DATA SECTION:
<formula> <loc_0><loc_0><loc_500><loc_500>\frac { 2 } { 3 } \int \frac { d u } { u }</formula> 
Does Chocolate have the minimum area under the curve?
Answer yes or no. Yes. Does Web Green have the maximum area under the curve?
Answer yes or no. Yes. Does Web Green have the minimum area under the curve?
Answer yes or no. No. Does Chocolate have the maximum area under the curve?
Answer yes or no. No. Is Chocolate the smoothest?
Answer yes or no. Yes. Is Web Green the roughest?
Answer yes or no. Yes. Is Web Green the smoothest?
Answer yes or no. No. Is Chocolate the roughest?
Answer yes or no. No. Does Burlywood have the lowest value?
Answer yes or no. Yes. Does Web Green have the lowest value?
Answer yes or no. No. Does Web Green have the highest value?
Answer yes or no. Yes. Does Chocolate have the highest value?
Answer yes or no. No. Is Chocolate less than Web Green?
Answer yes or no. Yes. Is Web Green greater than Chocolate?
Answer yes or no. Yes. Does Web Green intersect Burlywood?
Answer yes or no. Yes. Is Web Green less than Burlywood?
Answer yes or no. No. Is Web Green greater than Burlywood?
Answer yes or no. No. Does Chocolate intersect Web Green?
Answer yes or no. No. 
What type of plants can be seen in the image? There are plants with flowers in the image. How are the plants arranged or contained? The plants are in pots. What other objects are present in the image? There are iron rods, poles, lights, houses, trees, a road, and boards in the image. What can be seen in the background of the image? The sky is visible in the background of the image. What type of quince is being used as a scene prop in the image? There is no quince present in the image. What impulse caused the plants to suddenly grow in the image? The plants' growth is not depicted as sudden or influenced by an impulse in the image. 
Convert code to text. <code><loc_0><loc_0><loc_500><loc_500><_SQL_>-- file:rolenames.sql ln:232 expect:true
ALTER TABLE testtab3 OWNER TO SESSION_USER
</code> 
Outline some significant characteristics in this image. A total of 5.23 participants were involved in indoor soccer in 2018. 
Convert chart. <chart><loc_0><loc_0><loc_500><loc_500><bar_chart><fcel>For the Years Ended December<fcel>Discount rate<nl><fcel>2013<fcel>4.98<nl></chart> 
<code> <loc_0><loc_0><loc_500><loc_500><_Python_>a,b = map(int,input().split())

WHAT YOU NEED TO DO: Pull out each line of the records holding the string "Does".

WRITTEN ANSWER:
Does Chocolate have the minimum area under the curve?
Answer yes or no. Yes. Does Web Green have the maximum area under the curve?
Answer yes or no. Yes. Does Web Green have the minimum area under the curve?
Answer yes or no. No. Does Chocolate have the maximum area under the curve?
Answer yes or no. No. Does Burlywood have the lowest value?
Answer yes or no. Yes. Does Web Green have the lowest value?
Answer yes or no. No. Does Web Green have the highest value?
Answer yes or no. Yes. Does Chocolate have the highest value?
Answer yes or no. Yes. Does Web Green intersect Burlywood?
Answer yes or no. No. Does Chocolate intersect Web Green?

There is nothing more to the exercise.